La salvación de usted se basa en sus
palabras. En Romanos 10:9-10, leemos: «Que
si confesares con tu boca que Jesús es el Señor,
y creyeres en tu corazón que Dios le levanto
de los muertos, serás salvo. Porque con el
corazón se cree para justicia, pero con la boca
se confiesa para salvación».
Recuerde las palabras de Jesús en Mateo
12:36-37: «mas yo os digo que de toda Palabra
ociosa que hablen los hombres, de ella darán
cuenta en el día del juicio. Porque por tus
palabras serás justificado, y por tus palabras
serás condenado».
Usted no es justificado por los ayunos ni
por el tiempo que dedique a la oración. Jesús
dijo que usted es justificado o condenado
por las palabras que salen de su boca.

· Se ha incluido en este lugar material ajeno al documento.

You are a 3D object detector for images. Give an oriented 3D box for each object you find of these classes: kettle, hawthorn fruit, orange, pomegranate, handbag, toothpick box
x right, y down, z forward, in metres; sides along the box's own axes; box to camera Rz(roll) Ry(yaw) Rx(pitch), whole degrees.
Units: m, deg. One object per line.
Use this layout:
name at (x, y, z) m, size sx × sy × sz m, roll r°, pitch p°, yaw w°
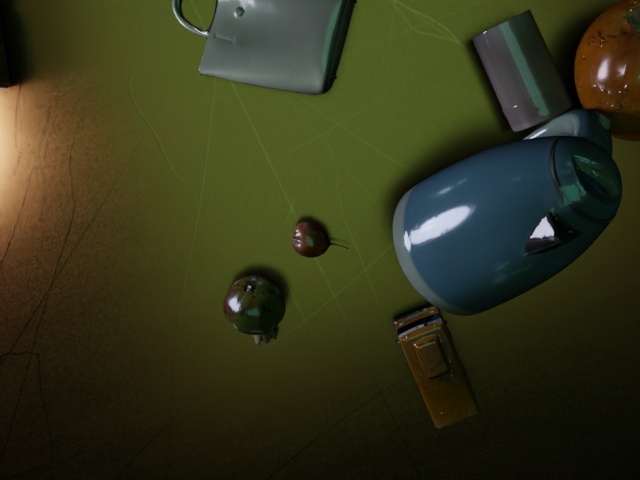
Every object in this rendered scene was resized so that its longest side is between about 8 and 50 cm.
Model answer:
kettle at (0.325, -0.072, 1.278) m, size 0.247 × 0.319 × 0.342 m, roll 36°, pitch 141°, yaw -17°
hawthorn fruit at (0.000, 0.000, 1.451) m, size 0.103 × 0.067 × 0.066 m, roll 5°, pitch 101°, yaw -12°
orange at (0.531, -0.279, 1.292) m, size 0.240 × 0.240 × 0.239 m, roll 0°, pitch 101°, yaw 2°
pomegranate at (-0.117, 0.132, 1.460) m, size 0.115 × 0.114 × 0.142 m, roll -10°, pitch 130°, yaw 3°
handbag at (-0.108, -0.381, 1.359) m, size 0.316 × 0.109 × 0.241 m, roll 15°, pitch 102°, yaw 2°
toothpick box at (0.343, -0.287, 1.359) m, size 0.111 × 0.111 × 0.180 m, roll -26°, pitch 98°, yaw 6°

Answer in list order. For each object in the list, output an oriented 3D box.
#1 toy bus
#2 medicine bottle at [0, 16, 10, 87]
toy bus at (0.211, 0.230, 1.458) m, size 0.098 × 0.114 × 0.201 m, roll -22°, pitch 99°, yaw 5°
medicine bottle at (-0.603, -0.353, 1.360) m, size 0.088 × 0.132 × 0.188 m, roll -4°, pitch 100°, yaw 2°

Las
- 35 -
palabras que usted pone en sus labios tienen
un gran valor.
Detenga a Satanás con
palabras
La táctica principal que Satanás utiliza
contra usted es mantener su atención en
las experiencias de la vida. El diablo lo
mantendrá analizando lo que le pasó y por
qué. Tratará de venderle la mentira que
muchas personas religiosas han comprado:
las tormentas de la vida llegan para enseñarle
algo. Y mientras usted lo crea, Satanás podrá
mantenerlo involucrado en esas tempestades
y se encargará de que usted no tenga una
vida triunfante.
El enemigo le dirá: “No vas a lograrlo”.
Si le cree, él lo tratará sin misericordia y lo
presionará tanto como pueda. Pero usted debe
saber esto: usted sí puede detener a Satanás.

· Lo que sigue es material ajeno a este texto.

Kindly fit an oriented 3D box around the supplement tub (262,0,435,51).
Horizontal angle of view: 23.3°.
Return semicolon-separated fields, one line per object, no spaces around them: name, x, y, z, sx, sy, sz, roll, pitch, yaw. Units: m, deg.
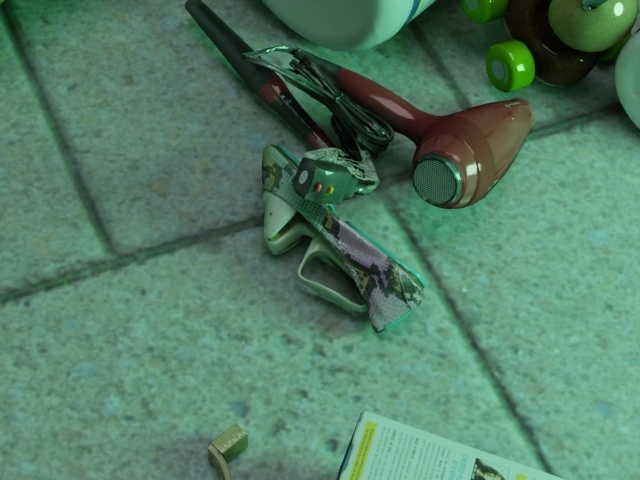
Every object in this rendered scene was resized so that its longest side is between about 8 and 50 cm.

Jesús dijo: «Así que no se preocupen
diciendo: “¿Qué comeremos?” o “¿Qué
beberemos?” o “¿Con qué nos vestiremos»
- 36 -
(Mateo 6:31, NVI). Primero, recibimos
pensamientos de preocupación, luego los
expresamos. Entonces si usted comprende
este principio, puede detener a Satanás.
Detenga el pensamiento, luego diga: “No,
Satanás la Palabra de Dios afirma que tengo
autoridad sobre ti. No tengo por qué escucharte.
He sido hecho la justicia de Dios por medio
de Jesucristo, y me niego a dar un paso más
bajo tu influencia. Ya no permitiré que pongas
ninguna dolencia ni enfermedad en mi cuerpo.

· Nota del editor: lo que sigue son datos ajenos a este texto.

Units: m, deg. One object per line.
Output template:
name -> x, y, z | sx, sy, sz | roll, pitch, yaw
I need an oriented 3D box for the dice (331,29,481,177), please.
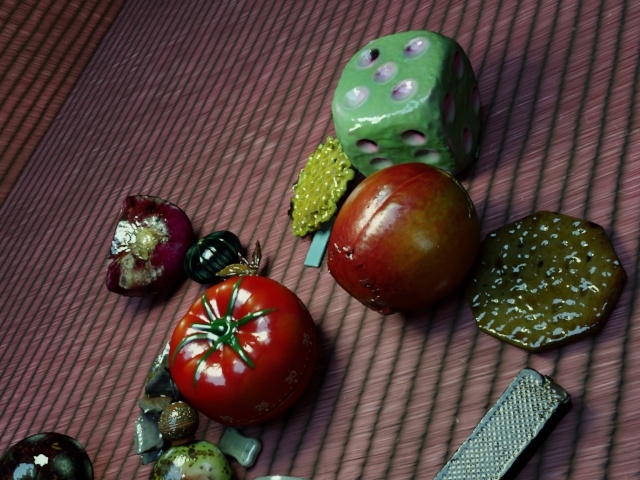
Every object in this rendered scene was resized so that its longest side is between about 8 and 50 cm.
dice -> 0.237, -0.344, 1.709 | 0.318, 0.322, 0.330 | -1, 61, 34

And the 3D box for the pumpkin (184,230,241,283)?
pumpkin -> -0.334, 0.050, 1.952 | 0.194, 0.150, 0.194 | -16, 44, 16

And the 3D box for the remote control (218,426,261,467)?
remote control -> -0.207, 0.528, 1.611 | 0.122, 0.032, 0.074 | 13, 68, 39

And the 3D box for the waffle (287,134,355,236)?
waffle -> -0.005, -0.165, 1.881 | 0.307, 0.060, 0.312 | -50, 29, 24

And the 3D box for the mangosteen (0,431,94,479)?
mangosteen -> -0.772, 0.674, 1.756 | 0.288, 0.288, 0.288 | -18, 51, 24

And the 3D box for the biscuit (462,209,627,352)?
biscuit -> 0.496, 0.086, 1.421 | 0.359, 0.046, 0.359 | -18, 51, 25

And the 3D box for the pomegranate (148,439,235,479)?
pomegranate -> -0.302, 0.591, 1.496 | 0.214, 0.214, 0.248 | -62, 14, -16

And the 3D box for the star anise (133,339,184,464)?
star anise -> -0.423, 0.440, 1.691 | 0.118, 0.331, 0.331 | 13, 62, 0

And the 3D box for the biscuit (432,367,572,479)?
biscuit -> 0.348, 0.432, 1.266 | 0.388, 0.073, 0.107 | -50, 47, -4

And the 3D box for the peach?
peach -> 0.188, -0.004, 1.495 | 0.370, 0.370, 0.370 | -18, 51, 24

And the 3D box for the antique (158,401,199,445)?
antique -> -0.347, 0.444, 1.538 | 0.104, 0.104, 0.104 | -18, 51, 24

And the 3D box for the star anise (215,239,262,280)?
star anise -> -0.227, 0.109, 1.853 | 0.157, 0.053, 0.212 | -12, 75, -12

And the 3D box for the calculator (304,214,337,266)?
calculator -> 0.000, 0.000, 1.845 | 0.057, 0.018, 0.172 | 2, 62, 37

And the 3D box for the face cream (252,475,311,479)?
face cream -> -0.078, 0.624, 1.355 | 0.175, 0.175, 0.195 | -13, 53, 28

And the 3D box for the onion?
onion -> -0.543, 0.029, 2.043 | 0.282, 0.260, 0.336 | 139, 141, -64

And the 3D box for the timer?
timer -> -0.189, 0.279, 1.603 | 0.378, 0.279, 0.378 | -17, 50, 21

Tú no eres mi dios, Jesús es mi Señor.”
Una vez que usted toma esa decisión y
habla la Palabra de Dios, debe mantener su
posición inalterable; no debe ceder terreno
en ninguna forma. Satanás lo retará, así que
deberá permanecer firme y no concederle ¡ni
un centímetro!
Me han criticado de ser una persona
muy dura por predicar de esta forma. Sin
embargo, he aprendido que si no lo soy,
estaría cometiendo una injusticia en contra
de ellos. Pues algunas veces se necesita ser
firme con la gente para impactar su forma
de pensar y hacerles conciencia sobre cómo
Satanás los está golpeando.
- 37 -
En Mateo 15:22-28, observamos que
cuando la mujer cananea vino a Jesús, Él le
respondió de una forma que parecía cruel:
«No está bien tomar el pan de los hijos, y
echarlo a los perrillos». Sus palabras fueron
duras, pero penetraron la incredulidad de la
mujer. Cuando ella comenzó a creerle a Dios,
Jesús le dijo: «…hágase contigo como quieres».
Las palabras tienen poder: transmiten vida
o muerte, bendición o maldición. ¿Alguna vez
ha pensado por qué es tan inaceptable oír
que las personas usen el nombre de Dios en
vano? ¿Por qué no tiene sentido decir que Dios
maldice? Porque Él no es quien maldice,
tampoco es el destructor, sino el Creador.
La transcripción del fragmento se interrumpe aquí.